--- Available data Enclosed Below ---

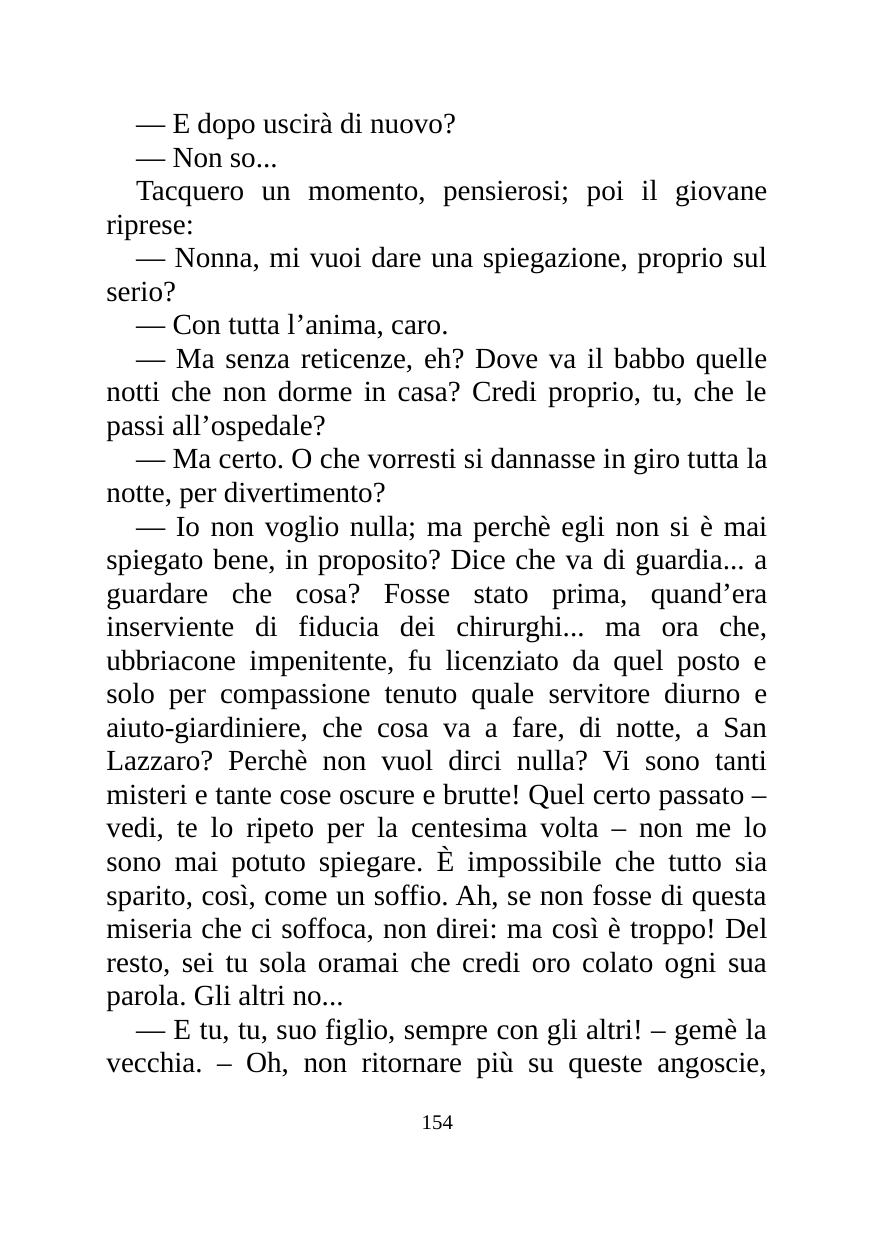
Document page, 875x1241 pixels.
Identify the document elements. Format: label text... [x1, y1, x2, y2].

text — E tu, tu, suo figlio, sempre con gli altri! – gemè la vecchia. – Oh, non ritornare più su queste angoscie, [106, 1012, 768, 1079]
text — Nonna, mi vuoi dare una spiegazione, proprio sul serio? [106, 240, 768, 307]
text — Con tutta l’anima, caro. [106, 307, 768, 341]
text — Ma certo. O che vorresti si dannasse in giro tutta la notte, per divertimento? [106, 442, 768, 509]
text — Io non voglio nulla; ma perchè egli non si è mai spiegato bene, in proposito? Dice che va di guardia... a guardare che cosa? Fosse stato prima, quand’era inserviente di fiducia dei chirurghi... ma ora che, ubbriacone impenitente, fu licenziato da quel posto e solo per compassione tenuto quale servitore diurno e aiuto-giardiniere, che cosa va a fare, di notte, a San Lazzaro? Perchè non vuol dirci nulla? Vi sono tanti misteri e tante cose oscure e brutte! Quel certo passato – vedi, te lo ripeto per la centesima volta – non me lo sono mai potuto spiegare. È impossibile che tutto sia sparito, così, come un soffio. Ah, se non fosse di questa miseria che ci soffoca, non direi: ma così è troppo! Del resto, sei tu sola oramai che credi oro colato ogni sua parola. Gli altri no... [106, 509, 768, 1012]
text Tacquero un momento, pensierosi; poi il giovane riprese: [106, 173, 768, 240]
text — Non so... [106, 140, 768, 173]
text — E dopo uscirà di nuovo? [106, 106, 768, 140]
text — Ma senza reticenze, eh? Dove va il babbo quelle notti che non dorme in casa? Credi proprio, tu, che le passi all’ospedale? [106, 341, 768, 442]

--- End of Enclosed Available data ---

> **Task brief**: Return, please, every line from the one that contains "text — E dopo" through the final line of the listing, exactly, and no others.

> **Exercise answer**:
text — E dopo uscirà di nuovo? [106, 106, 768, 140]
text — Ma senza reticenze, eh? Dove va il babbo quelle notti che non dorme in casa? Credi proprio, tu, che le passi all’ospedale? [106, 341, 768, 442]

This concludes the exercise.